• [What is needed] From the listing below, output only the lines starting at the line that has "Your answer should be very brief. 3897." and ending at the line that has "Primary education in 1972 and that in 1974?", exactly as they appear, ends included.

• [Source records]
┌──

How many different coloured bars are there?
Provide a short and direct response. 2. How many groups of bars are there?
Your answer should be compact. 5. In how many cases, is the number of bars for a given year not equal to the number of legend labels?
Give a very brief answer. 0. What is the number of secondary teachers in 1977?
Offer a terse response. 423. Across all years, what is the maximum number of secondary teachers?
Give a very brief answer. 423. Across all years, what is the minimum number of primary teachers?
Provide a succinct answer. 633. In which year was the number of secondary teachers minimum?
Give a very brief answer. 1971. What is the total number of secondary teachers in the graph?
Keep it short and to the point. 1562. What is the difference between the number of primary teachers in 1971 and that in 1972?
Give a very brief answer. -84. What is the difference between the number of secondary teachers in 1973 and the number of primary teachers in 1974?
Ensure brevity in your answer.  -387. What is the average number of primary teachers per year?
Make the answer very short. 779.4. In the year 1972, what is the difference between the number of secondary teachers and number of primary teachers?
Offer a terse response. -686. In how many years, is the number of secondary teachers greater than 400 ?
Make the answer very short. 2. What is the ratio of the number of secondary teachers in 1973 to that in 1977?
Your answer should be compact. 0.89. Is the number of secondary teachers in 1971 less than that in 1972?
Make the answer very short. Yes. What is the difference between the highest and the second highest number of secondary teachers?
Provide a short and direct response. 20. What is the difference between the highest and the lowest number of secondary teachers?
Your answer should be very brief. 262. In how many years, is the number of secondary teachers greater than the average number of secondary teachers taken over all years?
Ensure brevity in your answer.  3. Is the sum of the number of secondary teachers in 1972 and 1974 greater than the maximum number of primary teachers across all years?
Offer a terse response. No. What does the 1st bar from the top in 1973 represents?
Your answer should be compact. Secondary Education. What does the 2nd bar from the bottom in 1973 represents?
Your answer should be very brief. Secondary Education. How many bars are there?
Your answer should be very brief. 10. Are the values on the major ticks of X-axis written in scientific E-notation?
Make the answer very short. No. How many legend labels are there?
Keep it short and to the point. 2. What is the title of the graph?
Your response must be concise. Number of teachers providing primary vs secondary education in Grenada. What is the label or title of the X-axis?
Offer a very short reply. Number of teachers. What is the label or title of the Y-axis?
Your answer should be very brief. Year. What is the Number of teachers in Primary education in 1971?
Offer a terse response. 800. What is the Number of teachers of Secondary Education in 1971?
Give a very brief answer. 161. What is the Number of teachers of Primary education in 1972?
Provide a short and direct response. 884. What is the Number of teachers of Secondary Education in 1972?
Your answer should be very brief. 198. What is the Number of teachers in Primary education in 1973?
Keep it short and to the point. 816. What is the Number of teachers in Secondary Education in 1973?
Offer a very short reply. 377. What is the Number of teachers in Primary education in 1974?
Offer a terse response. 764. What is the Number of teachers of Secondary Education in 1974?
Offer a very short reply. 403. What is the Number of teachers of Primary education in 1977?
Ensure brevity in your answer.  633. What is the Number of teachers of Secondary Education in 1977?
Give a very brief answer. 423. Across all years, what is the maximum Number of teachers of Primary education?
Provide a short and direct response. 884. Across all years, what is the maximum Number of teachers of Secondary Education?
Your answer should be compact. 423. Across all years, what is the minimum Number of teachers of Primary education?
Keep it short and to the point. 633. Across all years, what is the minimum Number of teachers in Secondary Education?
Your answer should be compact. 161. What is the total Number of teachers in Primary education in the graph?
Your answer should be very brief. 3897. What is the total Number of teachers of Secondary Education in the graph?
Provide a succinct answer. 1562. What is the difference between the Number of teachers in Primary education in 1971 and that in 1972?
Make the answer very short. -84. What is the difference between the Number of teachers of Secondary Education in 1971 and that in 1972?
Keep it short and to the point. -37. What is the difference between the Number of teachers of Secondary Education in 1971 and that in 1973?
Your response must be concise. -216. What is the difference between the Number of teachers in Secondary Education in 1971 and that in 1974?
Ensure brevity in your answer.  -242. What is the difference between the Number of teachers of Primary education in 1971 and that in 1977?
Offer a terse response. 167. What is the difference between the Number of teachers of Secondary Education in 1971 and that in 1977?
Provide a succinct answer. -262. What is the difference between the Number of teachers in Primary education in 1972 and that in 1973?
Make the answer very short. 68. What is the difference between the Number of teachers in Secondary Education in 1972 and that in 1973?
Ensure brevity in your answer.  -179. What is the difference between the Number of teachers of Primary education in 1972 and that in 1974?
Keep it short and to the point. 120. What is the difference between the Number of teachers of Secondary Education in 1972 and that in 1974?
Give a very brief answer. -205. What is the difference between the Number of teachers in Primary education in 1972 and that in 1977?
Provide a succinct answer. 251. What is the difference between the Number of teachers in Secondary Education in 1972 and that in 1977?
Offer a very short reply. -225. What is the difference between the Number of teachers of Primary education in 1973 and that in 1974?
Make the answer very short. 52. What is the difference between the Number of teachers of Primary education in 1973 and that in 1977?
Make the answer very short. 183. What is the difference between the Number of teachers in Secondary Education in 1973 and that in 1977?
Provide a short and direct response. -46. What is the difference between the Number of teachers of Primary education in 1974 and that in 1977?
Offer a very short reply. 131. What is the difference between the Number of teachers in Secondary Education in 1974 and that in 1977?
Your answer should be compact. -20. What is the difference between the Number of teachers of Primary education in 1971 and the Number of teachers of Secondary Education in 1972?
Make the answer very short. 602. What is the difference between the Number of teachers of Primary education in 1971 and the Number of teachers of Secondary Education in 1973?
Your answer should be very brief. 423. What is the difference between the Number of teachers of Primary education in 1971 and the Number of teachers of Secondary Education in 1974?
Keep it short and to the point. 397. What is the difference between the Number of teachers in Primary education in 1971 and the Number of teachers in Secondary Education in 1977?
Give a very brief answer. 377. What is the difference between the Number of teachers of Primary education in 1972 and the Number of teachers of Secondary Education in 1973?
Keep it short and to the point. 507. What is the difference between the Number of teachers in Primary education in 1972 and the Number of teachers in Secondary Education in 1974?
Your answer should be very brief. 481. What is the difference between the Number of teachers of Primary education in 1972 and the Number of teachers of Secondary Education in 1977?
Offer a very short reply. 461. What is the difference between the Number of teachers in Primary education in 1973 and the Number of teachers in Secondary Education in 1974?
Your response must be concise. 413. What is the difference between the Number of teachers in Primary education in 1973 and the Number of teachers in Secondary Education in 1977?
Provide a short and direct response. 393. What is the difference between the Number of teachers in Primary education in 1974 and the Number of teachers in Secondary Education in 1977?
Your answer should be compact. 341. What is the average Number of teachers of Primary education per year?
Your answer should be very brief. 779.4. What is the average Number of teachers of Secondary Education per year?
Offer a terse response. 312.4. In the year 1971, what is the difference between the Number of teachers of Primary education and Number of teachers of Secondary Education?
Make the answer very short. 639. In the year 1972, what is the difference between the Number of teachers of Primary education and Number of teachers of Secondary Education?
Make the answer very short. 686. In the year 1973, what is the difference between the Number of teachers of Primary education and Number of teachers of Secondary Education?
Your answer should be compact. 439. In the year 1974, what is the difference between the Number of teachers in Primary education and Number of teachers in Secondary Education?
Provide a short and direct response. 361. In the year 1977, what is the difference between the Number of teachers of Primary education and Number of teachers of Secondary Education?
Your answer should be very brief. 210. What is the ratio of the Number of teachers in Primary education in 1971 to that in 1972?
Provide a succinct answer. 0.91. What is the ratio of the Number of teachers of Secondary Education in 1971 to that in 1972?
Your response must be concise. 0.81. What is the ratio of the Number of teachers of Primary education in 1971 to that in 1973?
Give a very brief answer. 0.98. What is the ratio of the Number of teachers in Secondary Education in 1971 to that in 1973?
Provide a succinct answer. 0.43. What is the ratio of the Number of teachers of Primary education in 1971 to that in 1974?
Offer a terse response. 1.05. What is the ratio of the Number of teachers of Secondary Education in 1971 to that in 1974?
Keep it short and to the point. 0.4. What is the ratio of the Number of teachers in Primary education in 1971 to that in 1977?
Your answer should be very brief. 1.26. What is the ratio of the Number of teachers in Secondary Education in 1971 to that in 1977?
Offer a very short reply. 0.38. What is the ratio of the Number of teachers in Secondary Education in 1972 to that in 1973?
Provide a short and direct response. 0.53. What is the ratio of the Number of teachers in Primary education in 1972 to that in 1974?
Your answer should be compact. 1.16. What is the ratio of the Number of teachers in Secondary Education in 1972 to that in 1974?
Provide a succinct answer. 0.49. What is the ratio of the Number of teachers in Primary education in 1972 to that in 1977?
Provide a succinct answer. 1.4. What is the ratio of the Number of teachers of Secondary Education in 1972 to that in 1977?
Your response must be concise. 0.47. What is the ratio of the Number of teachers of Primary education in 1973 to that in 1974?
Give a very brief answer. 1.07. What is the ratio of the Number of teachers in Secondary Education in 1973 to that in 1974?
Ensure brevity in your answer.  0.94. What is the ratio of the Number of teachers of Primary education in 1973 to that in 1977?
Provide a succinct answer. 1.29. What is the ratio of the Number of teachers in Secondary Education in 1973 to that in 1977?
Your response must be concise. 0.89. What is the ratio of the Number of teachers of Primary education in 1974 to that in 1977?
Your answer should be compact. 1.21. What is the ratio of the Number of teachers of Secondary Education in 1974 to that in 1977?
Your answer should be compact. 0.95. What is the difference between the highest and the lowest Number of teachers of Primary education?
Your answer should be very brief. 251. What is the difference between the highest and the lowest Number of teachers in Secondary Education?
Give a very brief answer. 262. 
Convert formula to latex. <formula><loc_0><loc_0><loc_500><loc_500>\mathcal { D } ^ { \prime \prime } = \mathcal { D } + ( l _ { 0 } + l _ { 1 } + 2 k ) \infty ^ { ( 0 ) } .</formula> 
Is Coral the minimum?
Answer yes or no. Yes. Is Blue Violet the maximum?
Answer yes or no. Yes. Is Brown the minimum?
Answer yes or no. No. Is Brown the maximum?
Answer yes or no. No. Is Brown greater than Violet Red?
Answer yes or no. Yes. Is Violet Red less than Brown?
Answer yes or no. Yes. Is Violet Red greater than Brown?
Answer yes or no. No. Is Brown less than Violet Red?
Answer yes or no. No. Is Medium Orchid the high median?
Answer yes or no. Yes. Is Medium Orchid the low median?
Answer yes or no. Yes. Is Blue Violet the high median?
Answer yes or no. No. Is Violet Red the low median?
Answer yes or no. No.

└──

• [Result]
Your answer should be very brief. 3897. What is the total Number of teachers of Secondary Education in the graph?
Provide a succinct answer. 1562. What is the difference between the Number of teachers in Primary education in 1971 and that in 1972?
Make the answer very short. -84. What is the difference between the Number of teachers of Secondary Education in 1971 and that in 1972?
Keep it short and to the point. -37. What is the difference between the Number of teachers of Secondary Education in 1971 and that in 1973?
Your response must be concise. -216. What is the difference between the Number of teachers in Secondary Education in 1971 and that in 1974?
Ensure brevity in your answer.  -242. What is the difference between the Number of teachers of Primary education in 1971 and that in 1977?
Offer a terse response. 167. What is the difference between the Number of teachers of Secondary Education in 1971 and that in 1977?
Provide a succinct answer. -262. What is the difference between the Number of teachers in Primary education in 1972 and that in 1973?
Make the answer very short. 68. What is the difference between the Number of teachers in Secondary Education in 1972 and that in 1973?
Ensure brevity in your answer.  -179. What is the difference between the Number of teachers of Primary education in 1972 and that in 1974?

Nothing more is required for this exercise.